We are maintaining the status quo and withdrawing the NPRM rather
than codifying the current exceptions to Sec. 399.84 allowed by the
Enforcement Office. We do not think that codification is necessary to
make the enforcement policy transparent and available. As we observed
in the NPRM, sellers and lawyers practicing in this industry are
already familiar with the policy and both consumers and newcomers to
the industry can find the details of the policy on the Department's Web
site at https://airconsumer.ost.dot.gov/rules/guidance.htm. 70 FR at
73963. As we also observed in the NPRM, given that enforcement is by
nature discretionary, by not codifying the exceptions to Sec. 399.84,
we are retaining the flexibility within the Enforcement Office to
continue refining its enforcement policy without the delays and costs
that rulemaking would entail, id.
Two clarifications are in order. First, several commenters argue
for leeway to lump all of the government fees and charges that may be
broken out from the fare together as one sum rather than being required
to list them individually. In practice, except for ad valorem taxes and
the September 11th Security Fee, which under the Department of Homeland
Security's regulations must be disclosed separately, the Enforcement
Office already allows this. Second, several commenters argue that the
requirements for disclosure of government-imposed charges in billboard,
television, and radio advertisements should be dropped because as a
practical matter these disclosures are invariably unintelligible. The
fact remains, however, that failure to disclose these charges
effectively renders an advertisement deceptive.

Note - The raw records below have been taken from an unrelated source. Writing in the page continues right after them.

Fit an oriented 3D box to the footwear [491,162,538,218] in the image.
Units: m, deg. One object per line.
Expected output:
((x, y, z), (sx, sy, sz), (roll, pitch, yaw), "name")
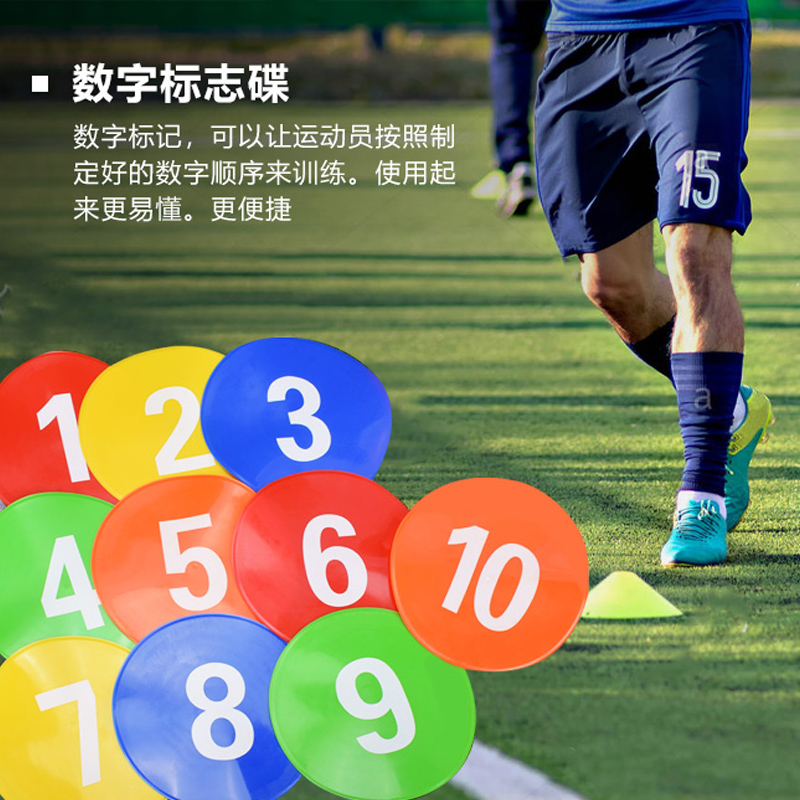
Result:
((0.513, -0.913, 8.070), (0.167, 0.248, 0.089), (9, -6, 14), "footwear")

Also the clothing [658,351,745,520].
((0.622, 0.044, 3.802), (0.151, 0.304, 0.223), (8, 34, 7), "clothing")

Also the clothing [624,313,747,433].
((0.634, -0.115, 4.261), (0.166, 0.152, 0.298), (8, -15, 23), "clothing")

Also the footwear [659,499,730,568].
((0.618, 0.273, 3.777), (0.122, 0.104, 0.289), (-1, 13, 21), "footwear")

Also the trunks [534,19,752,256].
((0.554, -0.572, 3.922), (0.555, 0.474, 0.329), (-1, -5, 44), "trunks")

Sellers always have the
option of including these charges in the fares advertised (using a
range of prices or using the word ``from'' with the minimum price if
need be).
Accordingly, for the reasons set forth above, we are withdrawing
the NPRM.
Issued this day of September 18, 2006, at Washington, DC, under
authority delegated by 49 CFR 1.56a.
Michael W. Reynolds,
Acting Assistant Secretary for Aviation and International Affairs.